Friday, March 27, 2009

Unsolicited advice - travel in Japan

We will leave Japan this summer. Here is a bit of our accumulated knowledge:
General
In Japan, you get what you pay for. We have experienced only one exception to this rule, at a restaurant in Miyazaki. The pricier hotel room is bigger, the pricier meal has more expensive ingredients, the pricier fruit is sweet and ripe. Often it is worth it to pay a bit more, when you know the product is worthwhile.

Buy a couple medium sized cheap towels at the 100Y shop and take them when you travel. They are useful for onsen (to avoid towel rental charges) and cheaper minshukus that don't provide towels. And they dry quickly.

Air travel
Always check to see if Skymark flies to your destination. They are the low-priced carrier in Japan and the service is identical (ie, excellent) to JAL and ANA. At present they go to Fukuoka and Tokyo.

Use hyperedia to help you book a domestic trip. Sometimes it is easier to travel to a nearby city and take the train into your destination than it is to fly directly there. http://www.japanrail.com/JR_hyperdia.html

Accommodations
The business hotel is a great option in cities - they cluster at train stations, you can walk one to the next until you find a decent room and price, the price is reasonable, and you get a Western-style bed and a place to put your stuff. And they almost always have vending machines with cheap beer and other beverages. Downsides are the soullessness and the small rooms.

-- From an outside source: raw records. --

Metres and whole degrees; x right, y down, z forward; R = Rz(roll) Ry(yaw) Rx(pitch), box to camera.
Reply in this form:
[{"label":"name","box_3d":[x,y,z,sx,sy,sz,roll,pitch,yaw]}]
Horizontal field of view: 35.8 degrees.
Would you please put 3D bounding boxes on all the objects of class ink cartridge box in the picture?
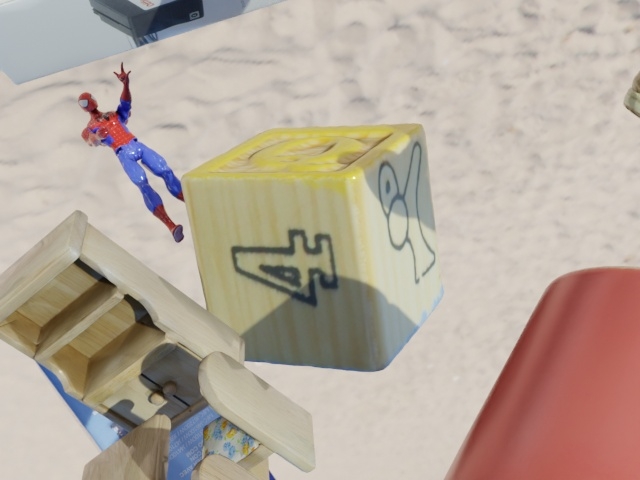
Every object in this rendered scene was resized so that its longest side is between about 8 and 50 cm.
[{"label":"ink cartridge box","box_3d":[-0.200,0.238,1.238,0.151,0.395,0.270,-38,-169,-16]},{"label":"ink cartridge box","box_3d":[-0.171,-0.298,0.876,0.307,0.223,0.129,-17,160,3]}]

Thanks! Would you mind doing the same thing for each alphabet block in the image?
[{"label":"alphabet block","box_3d":[0.000,0.000,1.000,0.193,0.197,0.192,0,-160,25]}]

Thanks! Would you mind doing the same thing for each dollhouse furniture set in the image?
[{"label":"dollhouse furniture set","box_3d":[-0.136,0.126,0.602,0.212,0.242,0.161,-37,122,21]}]

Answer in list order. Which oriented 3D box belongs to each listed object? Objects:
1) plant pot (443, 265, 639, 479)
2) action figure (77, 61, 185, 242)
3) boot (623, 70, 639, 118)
[{"label":"plant pot","box_3d":[0.188,0.163,0.568,0.275,0.243,0.275,19,164,6]},{"label":"action figure","box_3d":[-0.269,-0.141,1.445,0.091,0.280,0.139,-36,159,-25]},{"label":"boot","box_3d":[0.289,-0.123,0.545,0.213,0.077,0.165,8,114,3]}]

Ryokan are dressed up minshuku. Although an interesting experience, better value is often found by paying for a nice dinner out on the town and staying at a business hotel or minshuku (whichever is available).

Surviving tatami rooms - if there are multiple futons in the linen cabinet, pile 2 on top of each other, or pile up the comforter on top of the futon. This is probably not community-spirited, but makes a huge difference for your hips and shoulders. Consider carrying a sheet sack if you like sheets. Bean-filled pillows are also less than ideal if you are used to a fluffy pillow. Instead, fold over the end of the futon or wrap the pillow with something soft, or roll up a comforter to use as a pillow.

Food -
Breakfast - major cities have lots of bakeries, some of which discount pastries/bread in the afternoon. Buy a couple on your way back to the hotel after a long day out, and have them for breakfast. Combined with some canned coffee, this is the cheapest and most satisfying breakfast you will find in Japan. If in a minshuku that includes breakfast, be prepared for rice with miso soup and fish - tasty, but hard to stomach for more than 3 days straight.

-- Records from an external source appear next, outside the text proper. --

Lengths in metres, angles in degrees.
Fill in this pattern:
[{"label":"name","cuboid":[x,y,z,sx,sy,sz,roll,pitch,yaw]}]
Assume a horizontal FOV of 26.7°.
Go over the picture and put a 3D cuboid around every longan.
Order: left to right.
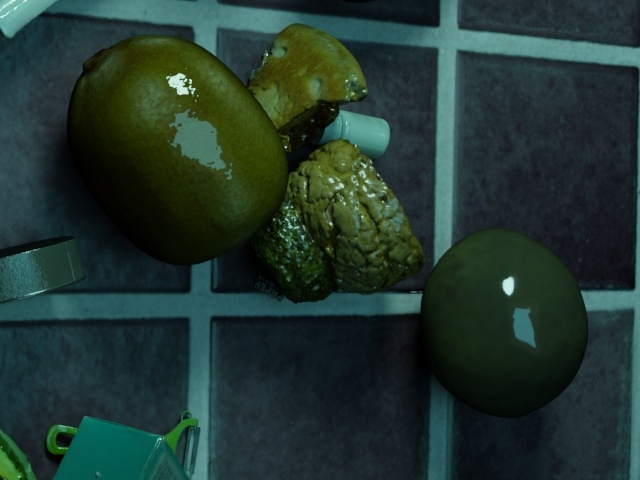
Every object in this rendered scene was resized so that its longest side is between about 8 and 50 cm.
[{"label":"longan","cuboid":[0.206,0.097,1.517,0.196,0.196,0.220,-18,111,-27]}]

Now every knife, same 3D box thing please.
[{"label":"knife","cuboid":[-0.201,0.209,1.391,0.166,0.022,0.078,10,81,-29]}]

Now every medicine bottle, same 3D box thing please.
[{"label":"medicine bottle","cuboid":[0.032,-0.119,1.495,0.083,0.047,0.047,10,87,-28]}]

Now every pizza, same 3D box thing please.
[{"label":"pizza","cuboid":[-0.033,-0.129,1.435,0.194,0.154,0.069,-50,137,9]}]

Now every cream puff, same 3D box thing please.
[{"label":"cream puff","cuboid":[0.000,0.000,1.429,0.169,0.183,0.183,-33,107,-5]}]

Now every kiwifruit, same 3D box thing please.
[{"label":"kiwifruit","cuboid":[-0.144,-0.093,1.318,0.234,0.196,0.196,48,70,-13]}]

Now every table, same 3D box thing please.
[{"label":"table","cuboid":[-0.292,0.031,1.273,0.133,0.133,0.043,-16,97,-27]}]

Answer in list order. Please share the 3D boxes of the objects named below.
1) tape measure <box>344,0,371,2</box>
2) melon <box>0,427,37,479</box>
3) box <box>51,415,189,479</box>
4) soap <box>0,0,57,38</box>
[{"label":"tape measure","cuboid":[0.085,-0.381,1.473,0.271,0.133,0.231,-12,96,-30]},{"label":"melon","cuboid":[-0.396,0.222,1.233,0.265,0.129,0.169,33,98,-10]},{"label":"box","cuboid":[-0.214,0.311,1.273,0.153,0.092,0.245,74,34,-52]},{"label":"soap","cuboid":[-0.262,-0.326,1.309,0.261,0.094,0.150,-43,115,-22]}]

Eat lunch at cafes, and order the set lunch. Always fun and often quite good, and it removes the language barrier. You typically get tea or coffee included, which typically comes after the meal. In areas with high gaijin traffic, you will often be asked if you want your drink before or after.

Do not eat in "Chinese" diner/restaurants in Japan, no matter how alluringly inexpensive the food is. Just not worth it. Do not order "Chinese" food in izakayas, unless it is gyoza or fried rice which is hard to screw up.

Spanish and French food can be amazing in Japan. Italian is a bit oriented towards pizza and pasta, but the Japanese take on these can be quite tasty. Mexican should be avoided - the ingredients are just not available. We have found some decent south asian food - Indian, Thai - but also some poor interpretations of these complex cuisines.

Dinner in nice restaurants tends to be fairly expensive in Japan. You can often get the same food for half price at lunch. So we tended to avoid going out to dinner in Okinawa, where the izakayas all seem to serve the same food that is not terribly appealing to us. On mainland, we tried to find a small izakaya or bistro for a light meal and a couple drinks.

Desserts in Japan often suffer from the worldwide problem of looking better than they taste. However, in general portion sizes and sugar levels are more reasonable than in the west. And some places have amazing desserts, so is can be worth it to take the splurge.

Beer is the national beverage. An average-sized beer should cost less than 500Y. Shochu mixed with green or jasmine tea is a nice low-cal beverage. Many gaijin do not love awamori but it is decent mixed, ie with Calpis and pink grapefruit juice.

Transportation -
Mainland city to city should be done by train, city to village by train or bus. Some rural areas require a car to maximize the experience. Driving in these areas is generally civilised, although slow-going on local roads if you get behind a truck or old person. We rented a car in Kyushu to visit the mountains and found it quite helpful.

Renting a car in Japan is hassle-free. No one tries to scam you to upgrade, or to buy gas from them, or add on some crazy insurance policy. But it is more expensive than the USA, typically 40-60$ a day. Book ahead with an international rental company like Hertz and they will accept your SOFA licence. Otherwise, you must have a current international drivers license (buy before you leave your home nation).

Renting a moped is hugely advantageous on islands like Iriomote or Zamami. You can get a single person 50cc moped with a car license. A SOFA license is OK in some places, but having an international drivers license is required some places and preferred in many. A two-person moped requires a motorcycle international drivers license so, if you have a motorcycle license then buy the international drivers license from from AAA before you leave.